第387話 17枚目:招かれざる客

『「第三候補」、少し来てくれまいか』

『今忙しいんですけど?』

『すまぬな。少々危急である』


 恐らくは正攻法以外でその実績を伸ばしている“破滅の神々”を何とか食い止めるべく、難易度をじわじわ上げながら試練ダンジョンに潜っていると、突然「第一候補」からそんなウィスパーが来た。

 手短過ぎるその内容には眉をひそめたが、どうにも本気らしいのでエルルとサーニャとルフィルに来てもらい、カバーさんに声をかけてから「第一候補」の島へ移動だ。

 空を飛ぶには距離が短く、流石にジャンプで移動できる程ではないので素直に貰った船で移動する。しっかし「第一候補」が詳しい事説明しない上に「危急」ねぇ。


「庭主さんが僕を連れてくるって時点で警戒しまくりですメェ」

「そうなのか?」

「そういう事なんです。最悪、『バッドエンド』一派が乗り込んできてて「第一候補」が捕まってるぐらいは想定してますよ」

「うっわぁほんとに最悪だけど邪神の信者だって時点でやってもおかしくないか!」

「メメメ~」


 ルフィルとルフェルは防衛に関して噛んでいる。主にアイテムや罠という方向で。それがそのまま反映されたからか、スキルも【罠作成】とかそういうのが揃ってたんだよね。

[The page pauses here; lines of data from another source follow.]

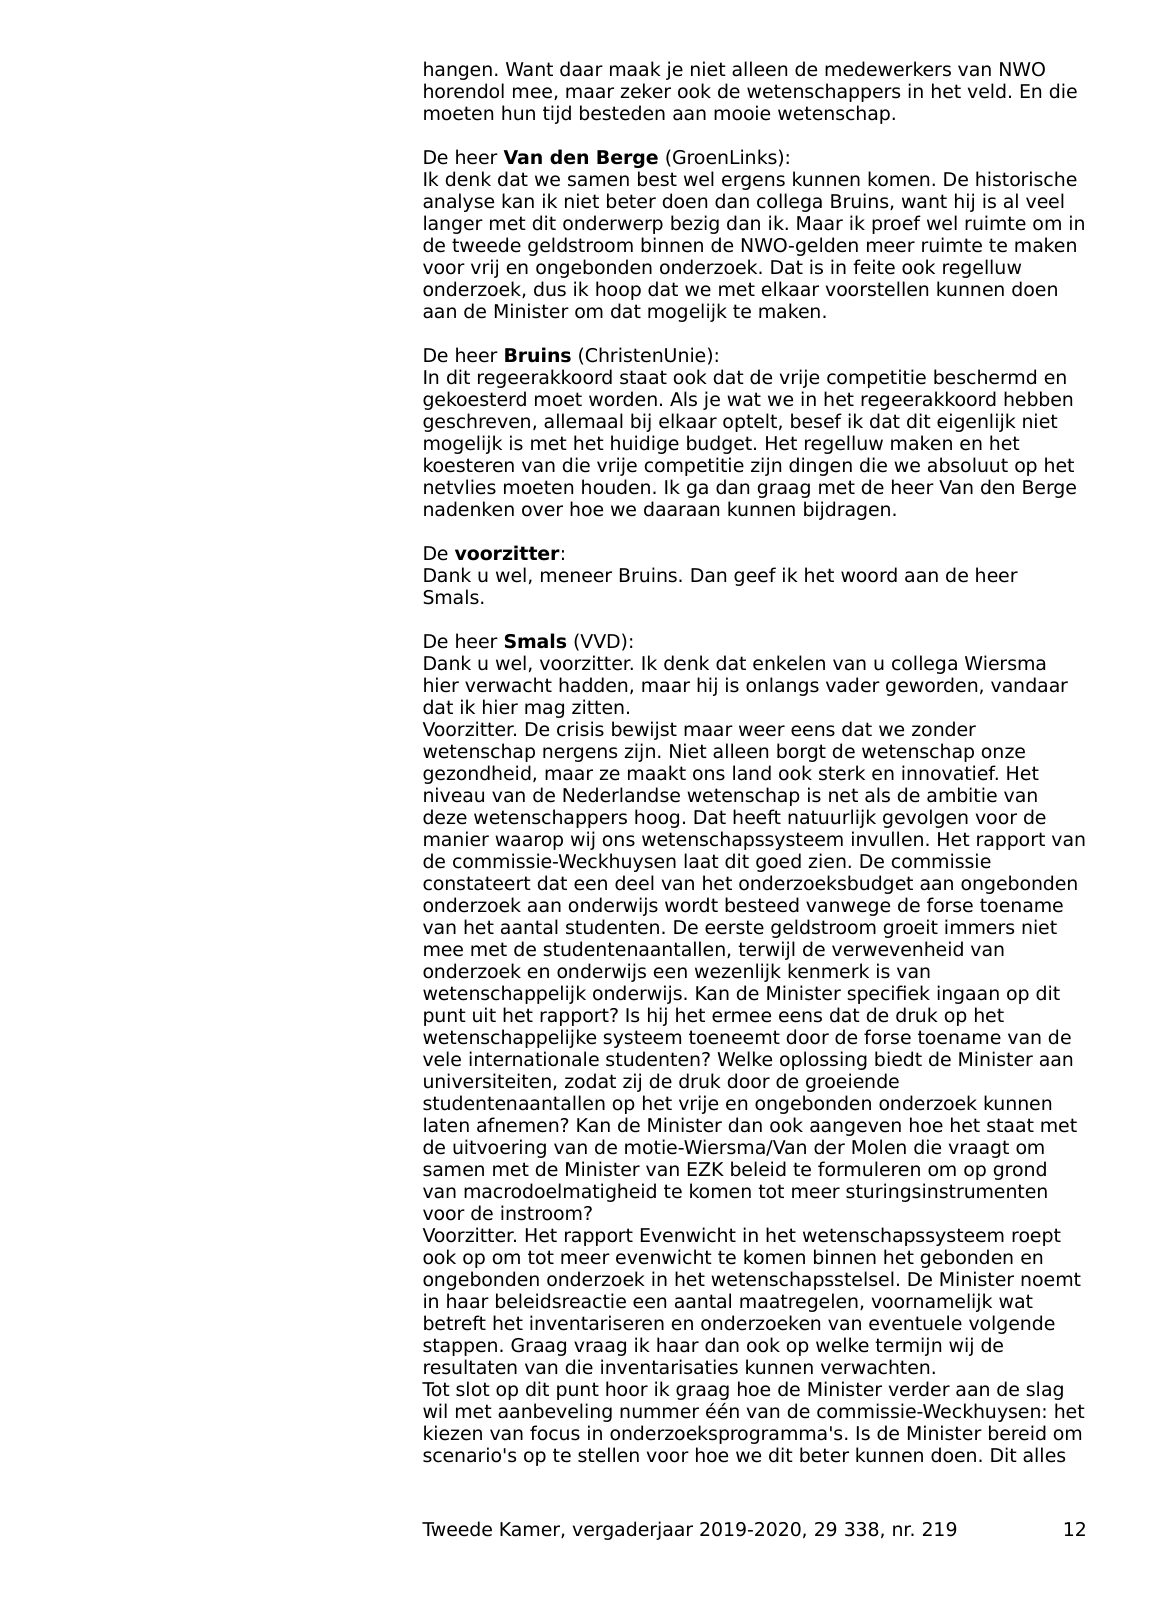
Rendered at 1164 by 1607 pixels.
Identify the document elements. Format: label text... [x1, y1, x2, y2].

text De heer Van den Berge (GroenLinks): [422, 147, 1087, 169]
text Dank u wel, voorzitter. Ik denk dat enkelen van u collega Wiersma hier verwacht hadden, maar hij is onlangs vader geworden, vandaar dat ik hier mag zitten. [422, 653, 1087, 719]
text De voorzitter: [422, 543, 1087, 565]
text hangen. Want daar maak je niet alleen de medewerkers van NWO horendol mee, maar zeker ook de wetenschappers in het veld. En die moeten hun tijd besteden aan mooie wetenschap. [422, 59, 1087, 125]
text Voorzitter. Het rapport Evenwicht in het wetenschapssysteem roept ook op om tot meer evenwicht te komen binnen het gebonden en ongebonden onderzoek in het wetenschapsstelsel. De Minister noemt in haar beleidsreactie een aantal maatregelen, voornamelijk wat betreft het inventariseren en onderzoeken van eventuele volgende stappen. Graag vraag ik haar dan ook op welke termijn wij de resultaten van die inventarisaties kunnen verwachten. [422, 1225, 1087, 1379]
text Voorzitter. De crisis bewijst maar weer eens dat we zonder wetenschap nergens zijn. Niet alleen borgt de wetenschap onze gezondheid, maar ze maakt ons land ook sterk en innovatief. Het niveau van de Nederlandse wetenschap is net als de ambitie van deze wetenschappers hoog. Dat heeft natuurlijk gevolgen voor de manier waarop wij ons wetenschapssysteem invullen. Het rapport van de commissie-Weckhuysen laat dit goed zien. De commissie constateert dat een deel van het onderzoeksbudget aan ongebonden onderzoek aan onderwijs wordt besteed vanwege de forse toename van het aantal studenten. De eerste geldstroom groeit immers niet mee met de studentenaantallen, terwijl de verwevenheid van onderzoek en onderwijs een wezenlijk kenmerk is van wetenschappelijk onderwijs. Kan de Minister specifiek ingaan op dit punt uit het rapport? Is hij het ermee eens dat de druk op het wetenschappelijke systeem toeneemt door de forse toename van de vele internationale studenten? Welke oplossing biedt de Minister aan universiteiten, zodat zij de druk door de groeiende studentenaantallen op het vrije en ongebonden onderzoek kunnen laten afnemen? Kan de Minister dan ook aangeven hoe het staat met de uitvoering van de motie-Wiersma/Van der Molen die vraagt om samen met de Minister van EZK beleid te formuleren om op grond van macrodoelmatigheid te komen tot meer sturingsinstrumenten voor de instroom? [422, 719, 1087, 1225]
text De heer Smals (VVD): [422, 631, 1087, 653]
text Ik denk dat we samen best wel ergens kunnen komen. De historische analyse kan ik niet beter doen dan collega Bruins, want hij is al veel langer met dit onderwerp bezig dan ik. Maar ik proef wel ruimte om in de tweede geldstroom binnen de NWO-gelden meer ruimte te maken voor vrij en ongebonden onderzoek. Dat is in feite ook regelluw onderzoek, dus ik hoop dat we met elkaar voorstellen kunnen doen aan de Minister om dat mogelijk te maken. [422, 169, 1087, 323]
text Tot slot op dit punt hoor ik graag hoe de Minister verder aan de slag wil met aanbeveling nummer één van de commissie-Weckhuysen: het kiezen van focus in onderzoeksprogramma's. Is de Minister bereid om scenario's op te stellen voor hoe we dit beter kunnen doen. Dit alles [422, 1379, 1087, 1467]
text In dit regeerakkoord staat ook dat de vrije competitie beschermd en gekoesterd moet worden. Als je wat we in het regeerakkoord hebben geschreven, allemaal bij elkaar optelt, besef ik dat dit eigenlijk niet mogelijk is met het huidige budget. Het regelluw maken en het koesteren van die vrije competitie zijn dingen die we absoluut op het netvlies moeten houden. Ik ga dan graag met de heer Van den Berge nadenken over hoe we daaraan kunnen bijdragen. [422, 367, 1087, 521]
text Dank u wel, meneer Bruins. Dan geef ik het woord aan de heer Smals. [422, 565, 1087, 609]
text De heer Bruins (ChristenUnie): [422, 345, 1087, 367]

 だから、もし罠であり何か小細工がされていれば、それを見破れるという事だ。出来ればルディルも来てほしかったんだけど、万が一があった場合は残って貰った方が助かるので今回はこの4人である。

 エルルの操舵でさくっと中央の島に到着。こちらも「異空の箱庭」を使ったのか、最初に見た時よりも広くなってる気がする島を、その中で一番大きな建物へと進んでいく。


「来ましたよ、「第一候補」。入ってもよろしいですか?」

『うむ。待っておったぞ。入ってくれ』

「それじゃあ失礼しますよ」


 一応クランの代表者だし見栄えも大事、という意味もあって、「第一候補」の島においては住居と来客用の宿泊場所が1つの大きな建物となっている。こう、カタカナの「ろ」の字みたいな形だ。その中央に神殿がある感じだな。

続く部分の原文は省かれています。